9 Form Objections Speculation: asking the witness something clearly beyond the witness’ ability to answer Witness does not have firsthand knowledge of the fact they are testifying to – they didn’t hear, say, or see it themselves. Ex: “Where did Johnny go after he left your house?” Argumentative: is not necessarily arguing with the witness, but is often times arguing a point to the jury Ex: After the witness has testified that the car is blue, opposing counsel asks: “The car wasn’t blue, it was red, wasn’t it?”

10 Substantive Objections
Lack of Foundation LCE/FRE 602, 901(a) The prerequisite evidence has not been entered that would allow the current evidence to be presented. Often used when opposing counsel is trying to enter an exhibit into evidence. Two fundamental ways to determine if there is a lack of foundation: 1. Does the witness have personal knowledge of the facts/exhibit in order to testify about it? 2. Is the exhibit authentic? If the answer is NO for either of these questions, there is a lack of foundation.

11 Substantive Objections
Improper Lay Opinion LCE/FRE 701 Lay witness is a person who has not been qualified as an expert by the court A Lay witness gives an improper lay opinion when: 1. the testimony is NOT rationally related to the personal knowledge they have of the facts OR 2. the testimony is NOT helpful to the jury in deciding the case

12 Substantive Objections
Relevance LCE/FRE 401 Evidence that does not relate to the case; and is not helpful in determining the ultimate issue. Test to determine relevance: “How is this evidence going to help the jury decide this case?” Important: when objecting to relevance, you will almost always request a sidebar.

13 Substantive Objections
More Prejudicial Than Probative LCE/FRE 401, 403 This objection also relates to the relevance of evidence. Balancing Test: Is the evidence’s probative value greatly outweighed by its unfair prejudice? Here, the evidence is relevant, but you want the evidence excluded anyways due to the danger of unfair prejudice, confusion of the issues or misleading of the jury. This objection is a “fall-back”, since all evidence is unfavorable to one side or another.

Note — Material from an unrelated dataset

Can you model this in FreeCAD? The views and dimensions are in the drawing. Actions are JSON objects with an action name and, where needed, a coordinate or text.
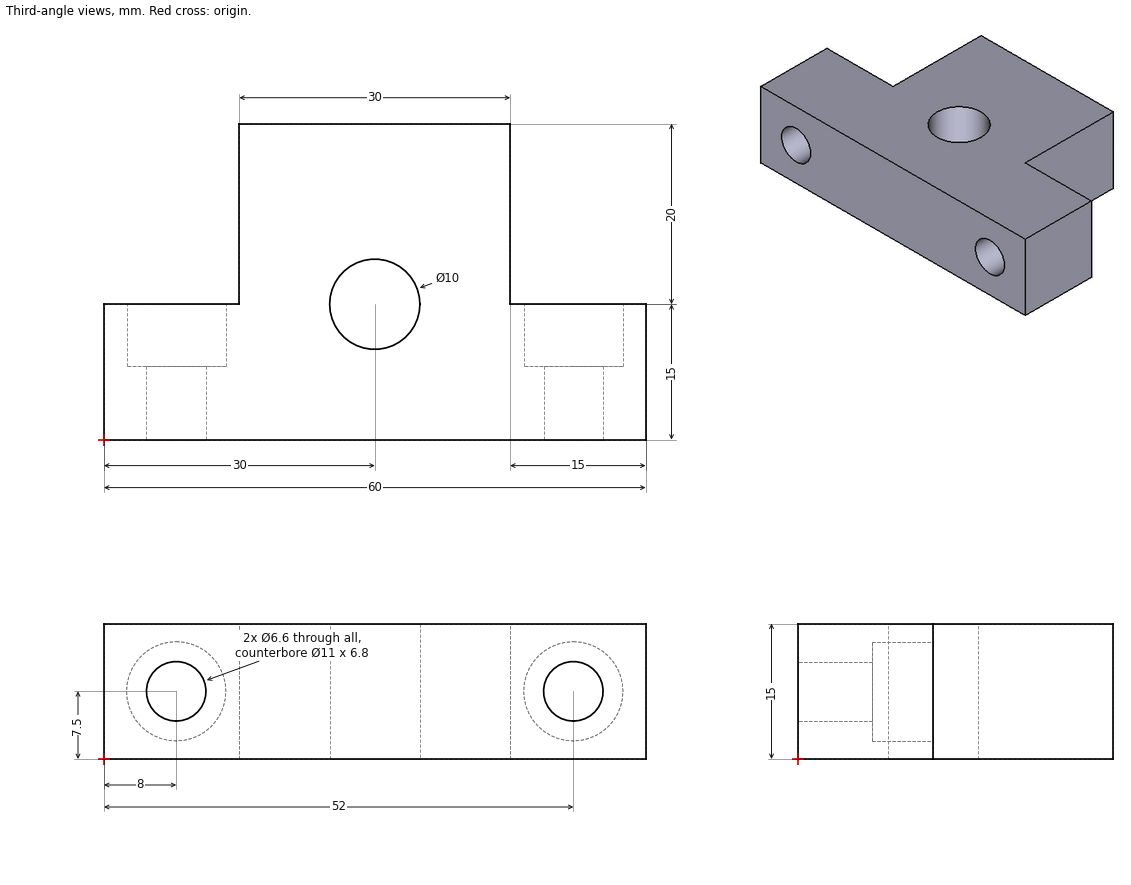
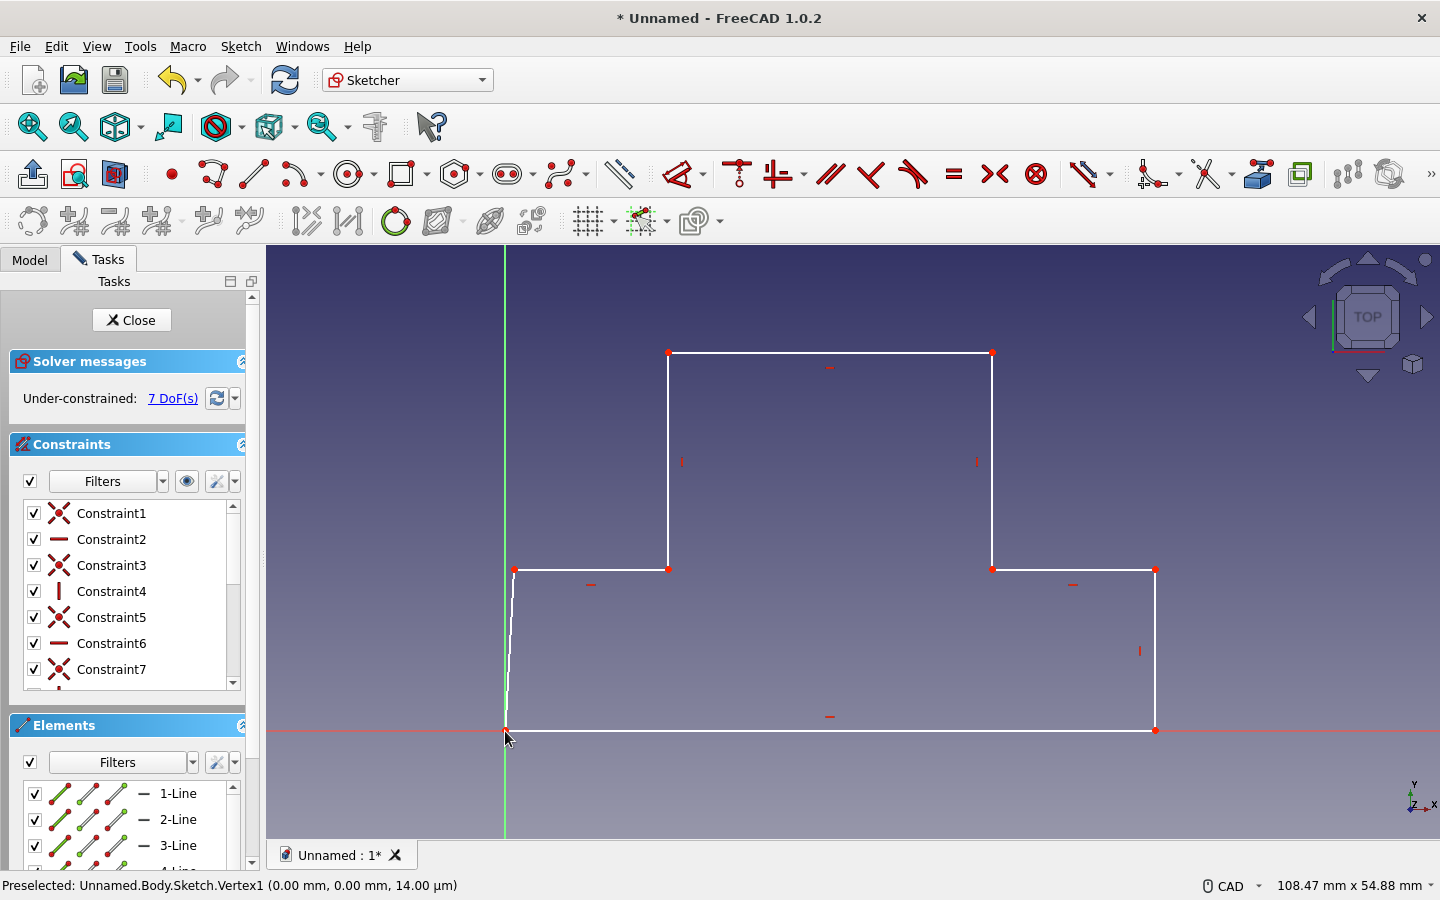
{"action": "left_click", "coordinate": [508, 683]}

14 Common Objections Hearsay LCE/FRE 801
Arguably the hardest objection to recognize! Hearsay: a statement, made outside of court, being offered for the truth of the matter. “Truth of the matter asserted”: is the statement being offered to prove what is said in the statement? Ex: Witness testifies “Seth told me he saw John kill Sarah”. The truth of the matter asserted is that John killed Sarah. Not only testimony, but also writings/documents can be hearsay

15 Hearsay Exclusions & Exceptions
There are many hearsay exceptions – know them!! Hearsay Exclusions: these are statements that sound like hearsay, but are not treated as such by the LCE/FRE LCE/FRE: 801(d): 2 Main Exceptions Prior Statements by a witness Admission by a party-opponent Hearsay Exceptions: these statements are hearsay, but may fall under any one of many exceptions LCE/FRE 803: these exceptions apply regardless of whether the declarant is available to be called as a witness LCE/FRE 804: these exceptions apply ONLY IF the declarant is “unavailable”

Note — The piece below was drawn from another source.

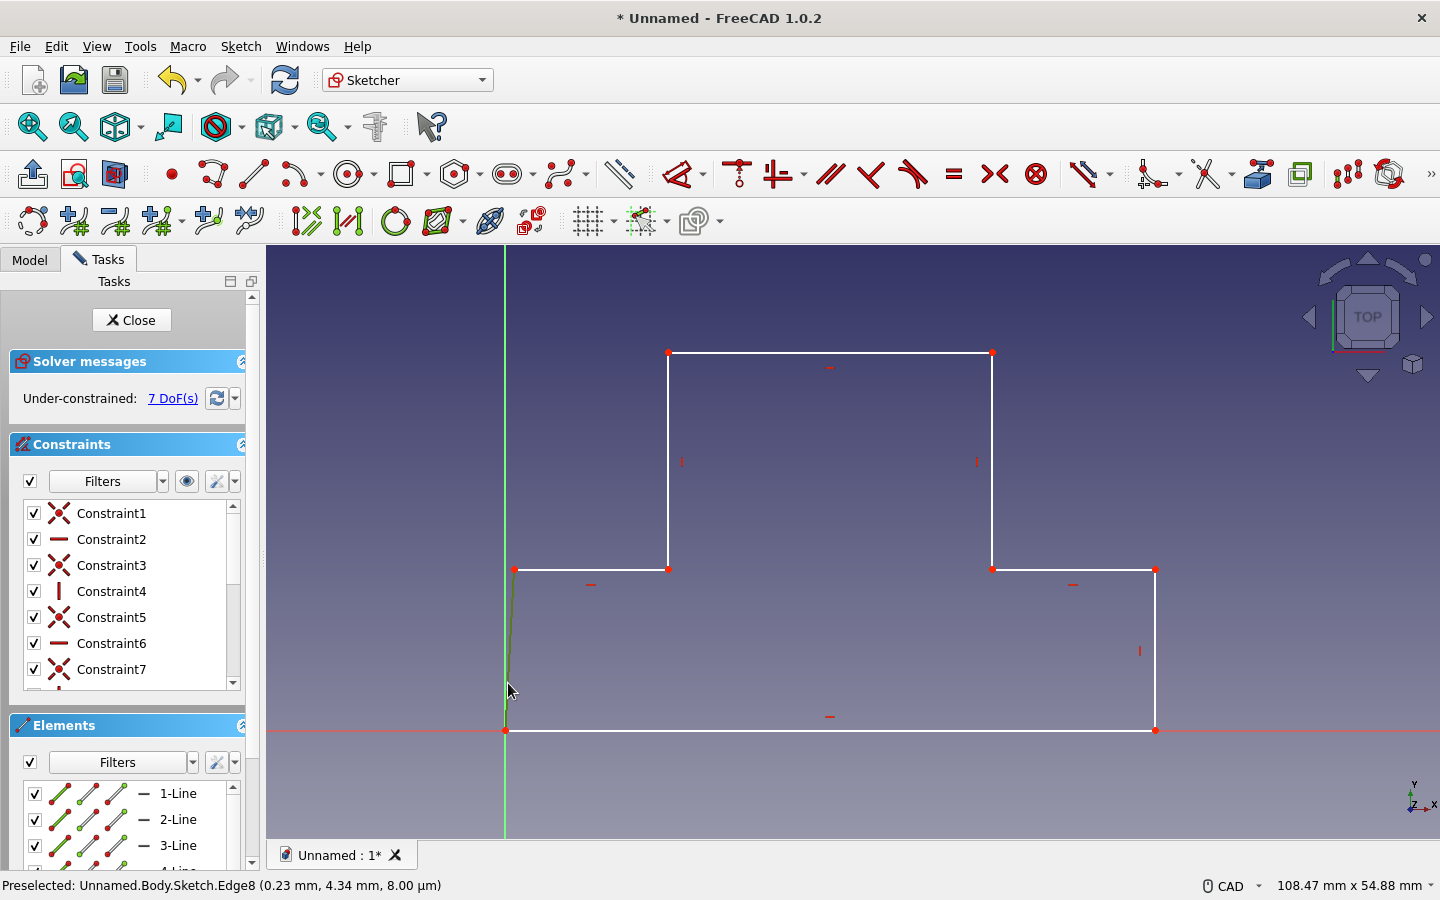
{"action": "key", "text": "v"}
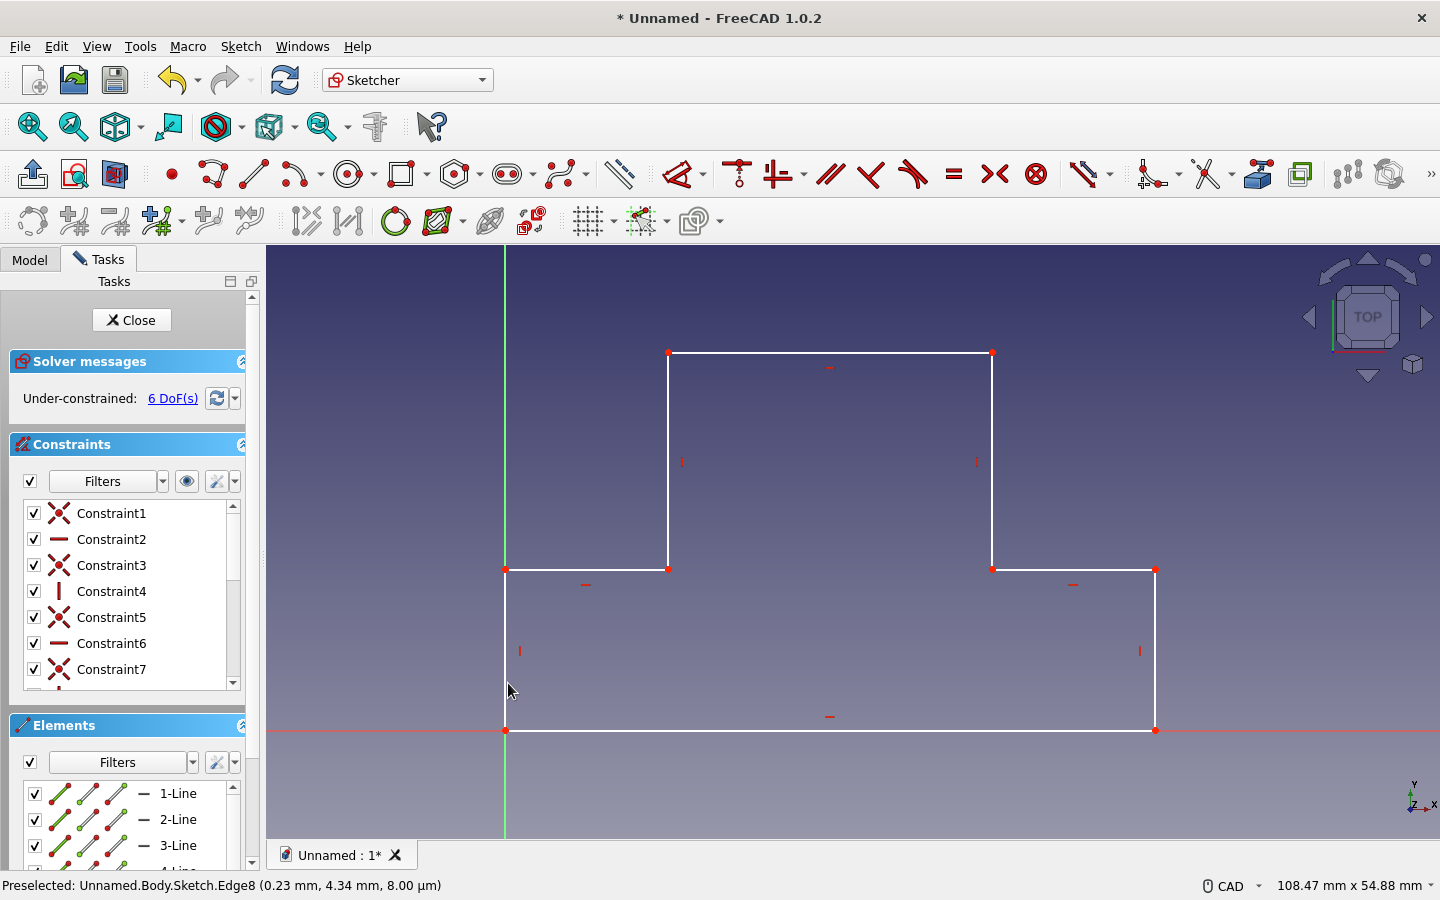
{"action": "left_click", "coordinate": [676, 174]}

16 Confrontation Clause Applies in criminal cases
The 6th A. of the U.S. Constitution gives an accused the right to confront his/her accuser If opposing counsel is eliciting testimony that the witness heard from someone else, this may implicate the Confrontation Clause Ex: Witness testifies: “Seth told me that John killed Sarah”. Seth is the person accusing John, the defendant, of killing Sarah. Since Seth is not in court, John has not had the ability to “confront”, (aka cross-examine) his accuser.

17 Criminal History LCE 609.1 In a criminal case, every witness subjects himself to an examination of his history of criminal convictions. Only Convictions. Normally only the fact of the conviction, the name of the offense, the date, and the sentence imposed are admissible. Details may be admissible if the witness denies the conviction, the witness opens the door or it is more probative than prejudicial.

18 Important Things to Remember
Prepare ahead of time, anticipating objectionable evidence and preparing arguments for objections. Know the evidentiary rules that are going to apply to your trial. Prepare yourself to think on your feet; you will face an unexpected objection.